Our market is now firmly in the hands of those who make money when share prices go down – hedge funds and traders. Until long-term investors begin buying again in numbers and with consistency, the short-sellers will dominate the volume in stocks, both up and down. Hedge funds, when employed to hedge portfolios against losses, perform a useful function. But, the duration of this bear market has increased their popularity as profit vehicles, not just hedging vehicles. As they attract new investors’ cash, they must broaden their ‘attacks’ on company stocks, driving them further down to excessive lows. They have likely become the major force in market movements of the past few months; reducing stock prices as they short them and lifting them when they buy them back to cover their shorts.
Their influence will wane as long-term investors return to the markets.

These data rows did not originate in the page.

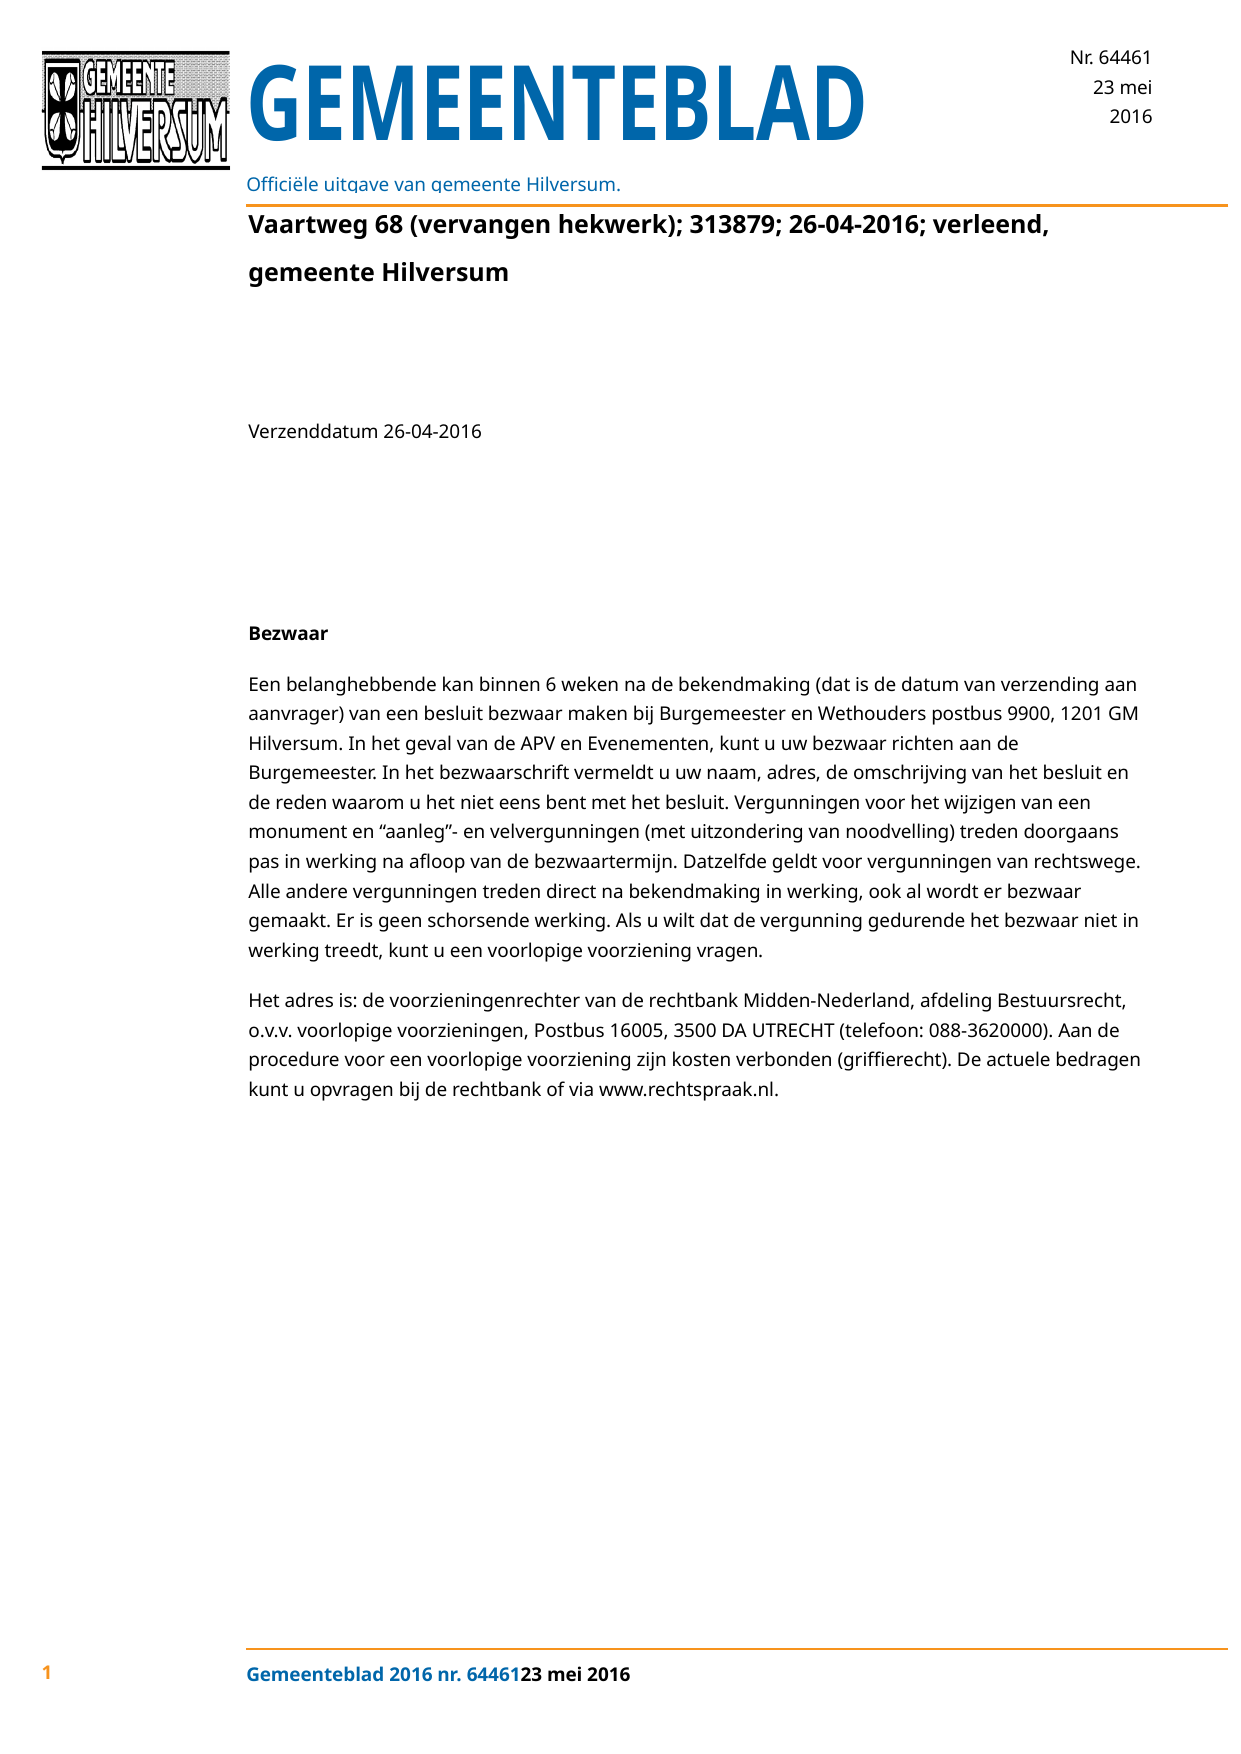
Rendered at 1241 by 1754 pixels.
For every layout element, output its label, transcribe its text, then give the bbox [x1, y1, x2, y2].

text Het adres is: de voorzieningenrechter van de rechtbank Midden-Nederland, afdeling Bestuursrecht, o.v.v. voorlopige voorzieningen, Postbus 16005, 3500 DA UTRECHT (telefoon: 088-3620000). Aan de procedure voor een voorlopige voorziening zijn kosten verbonden (griffierecht). De actuele bedragen kunt u opvragen bij de rechtbank of via www.rechtspraak.nl. [248, 987, 1152, 1102]
text Vaartweg 68 (vervangen hekwerk); 313879; 26-04-2016; verleend, gemeente Hilversum [248, 207, 1152, 288]
text Verzenddatum 26-04-2016 [248, 419, 1152, 444]
text Bezwaar [248, 620, 1152, 646]
picture [41, 47, 231, 172]
text Een belanghebbende kan binnen 6 weken na de bekendmaking (dat is de datum van verzending aan aanvrager) van een besluit bezwaar maken bij Burgemeester en Wethouders postbus 9900, 1201 GM Hilversum. In het geval van de APV en Evenementen, kunt u uw bezwaar richten aan de Burgemeester. In het bezwaarschrift vermeldt u uw naam, adres, de omschrijving van het besluit en de reden waarom u het niet eens bent met het besluit. Vergunningen voor het wijzigen van een monument en “aanleg”- en velvergunningen (met uitzondering van noodvelling) treden doorgaans pas in werking na afloop van de bezwaartermijn. Datzelfde geldt voor vergunningen van rechtswege. Alle andere vergunningen treden direct na bekendmaking in werking, ook al wordt er bezwaar gemaakt. Er is geen schorsende werking. Als u wilt dat de vergunning gedurende het bezwaar niet in werking treedt, kunt u een voorlopige voorziening vragen. [248, 671, 1152, 963]

How cheap stocks will get before investors return is the 6.4 trillion dollar question. Will GE go back to the low 20’s, Pfizer to 25, or Duke Energy to 19? Retailers bear the latest barrage from short-sellers as they bet the consumer will eventually buckle. Our retail holdings, such as Best Buy, Bed Bath & Beyond, Action Performance, Chico’s and Charlotte Russe, have been knocked down well below their 9/11 levels, when investors thought consumers would literally hunker down in fear and quit buying. That didn’t happen then and it’s not going happen this time. In the months that followed 9/11, the retail stocks just mentioned, doubled in value. It could certainly happen again as confidence returns.

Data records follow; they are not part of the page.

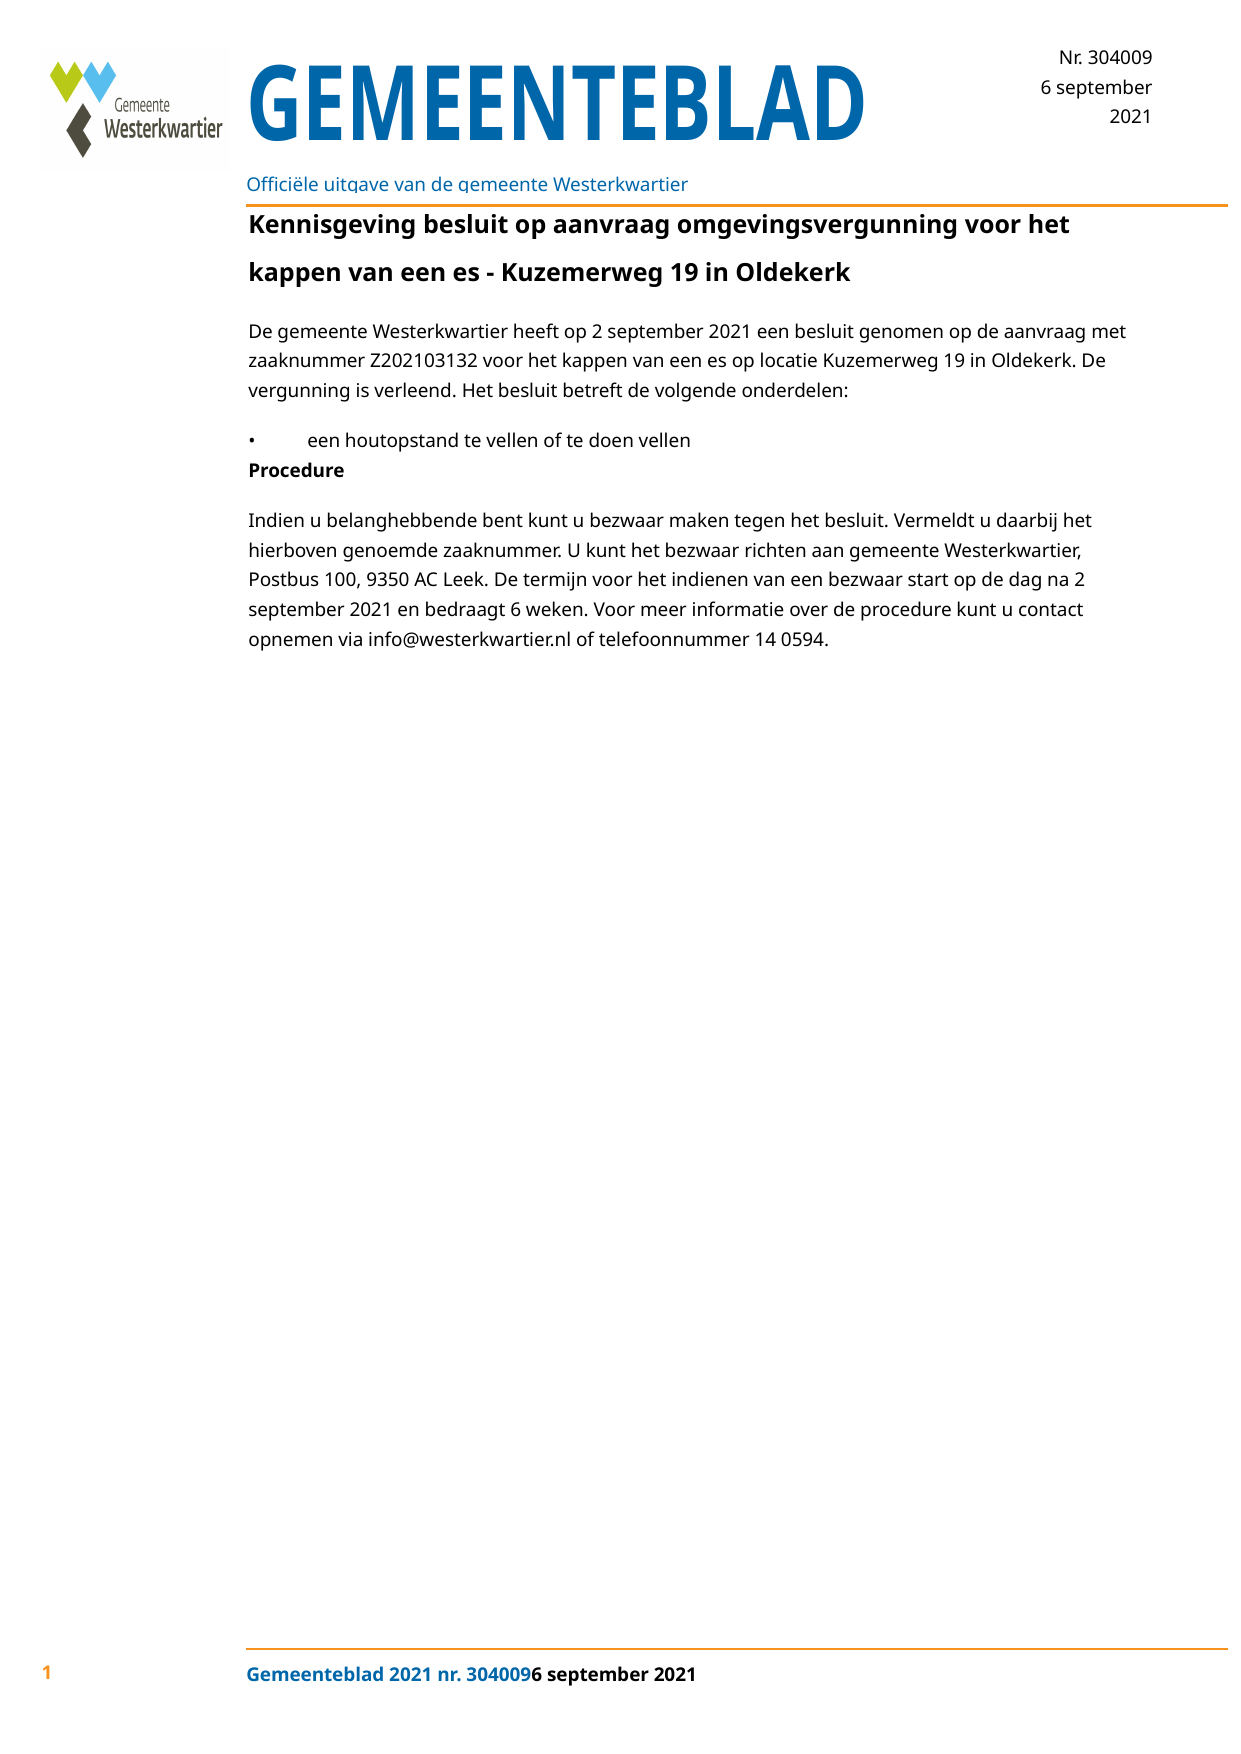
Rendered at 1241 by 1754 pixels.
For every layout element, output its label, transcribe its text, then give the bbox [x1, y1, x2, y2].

picture [41, 47, 231, 172]
text Indien u belanghebbende bent kunt u bezwaar maken tegen het besluit. Vermeldt u daarbij het hierboven genoemde zaaknummer. U kunt het bezwaar richten aan gemeente Westerkwartier, Postbus 100, 9350 AC Leek. De termijn voor het indienen van een bezwaar start op de dag na 2 september 2021 en bedraagt 6 weken. Voor meer informatie over de procedure kunt u contact opnemen via info@westerkwartier.nl of telefoonnummer 14 0594. [248, 507, 1152, 652]
text Kennisgeving besluit op aanvraag omgevingsvergunning voor het kappen van een es - Kuzemerweg 19 in Oldekerk [248, 207, 1152, 288]
list een houtopstand te vellen of te doen vellen [248, 427, 1152, 453]
text De gemeente Westerkwartier heeft op 2 september 2021 een besluit genomen op de aanvraag met zaaknummer Z202103132 voor het kappen van een es op locatie Kuzemerweg 19 in Oldekerk. De vergunning is verleend. Het besluit betreft de volgende onderdelen: [248, 318, 1152, 403]
text Procedure [248, 457, 1152, 483]

We continue to position the portfolios for a plodding, prolonged recovery. Our largest holdings are in retail, but recent additions have included high-grade corporate bonds (iShares Goldman Sachs High Grade Corporate Bond Index), commercial real estate (iShares Dow Jones Real Estate Index), high yield (Duke Energy), and defensive companies (Pfizer, UnitedHealth Group, and Dole Foods). We will continue to watch, learn, adjust, and trim as needed.

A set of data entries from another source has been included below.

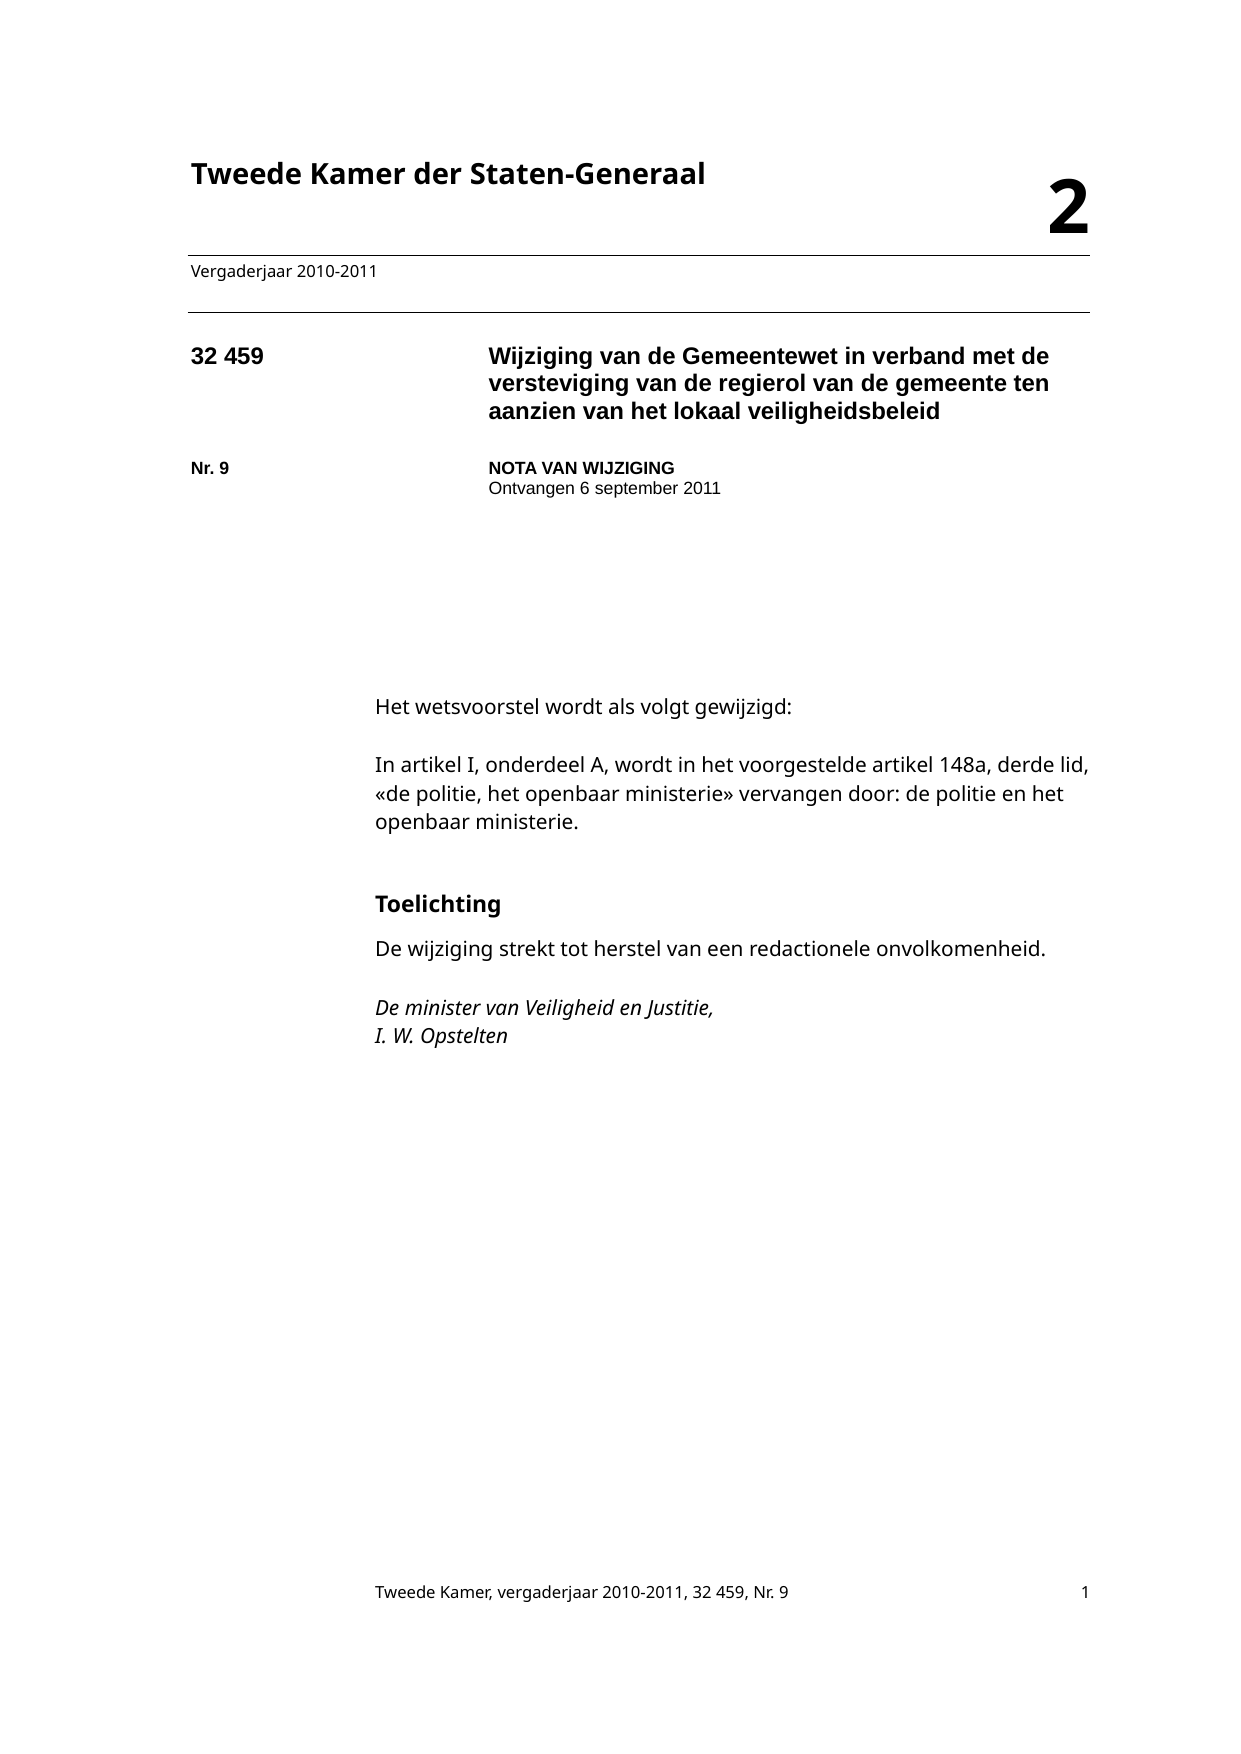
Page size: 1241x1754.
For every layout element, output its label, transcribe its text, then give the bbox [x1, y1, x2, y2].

table_header Tweede Kamer der Staten-Generaal [188, 150, 909, 255]
text De wijziging strekt tot herstel van een redactionele onvolkomenheid. [375, 934, 1090, 963]
table_cell Nr. 9 [188, 455, 485, 573]
text De minister van Veiligheid en Justitie, [375, 993, 1090, 1021]
table_cell 32 459 [188, 339, 485, 454]
table_header 2 [910, 150, 1090, 255]
text I. W. Opstelten [375, 1021, 1090, 1050]
table_cell Wijziging van de Gemeentewet in verband met de versteviging van de regierol van de gemeente ten aanzien van het lokaal veiligheidsbeleid [485, 339, 1090, 454]
table_cell Vergaderjaar 2010-2011 [188, 256, 485, 312]
table_cell [188, 313, 485, 339]
table_cell NOTA VAN WIJZIGING Ontvangen 6 september 2011 [485, 455, 1090, 573]
text In artikel I, onderdeel A, wordt in het voorgestelde artikel 148a, derde lid, «de politie, het openbaar ministerie» vervangen door: de politie en het openbaar ministerie. [375, 751, 1090, 836]
subtitle Toelichting [375, 888, 1090, 919]
table_cell [485, 313, 1090, 339]
text Het wetsvoorstel wordt als volgt gewijzigd: [375, 692, 1090, 721]
table_cell [485, 256, 1090, 312]

Samuel Clemens was an unmitigated supporter of American Capitalism. His words from Nook Farm: Mark Twain’s Hartford Circle are just as appropriate today as they were when he defended his Connecticut capitalist friends from the muckrakers of his time:
“as they acquired experience in an industrial culture, . . . attacked abuses but continued to assume that the good of the whole nation was being served by expanding capitalism. . . . The excesses in its exploitation by the unscrupulous were controllable. Industrial democracy was a successful experiment.” Samuel Clemens
Remain of good faith, the success of this great ‘experiment’ continues.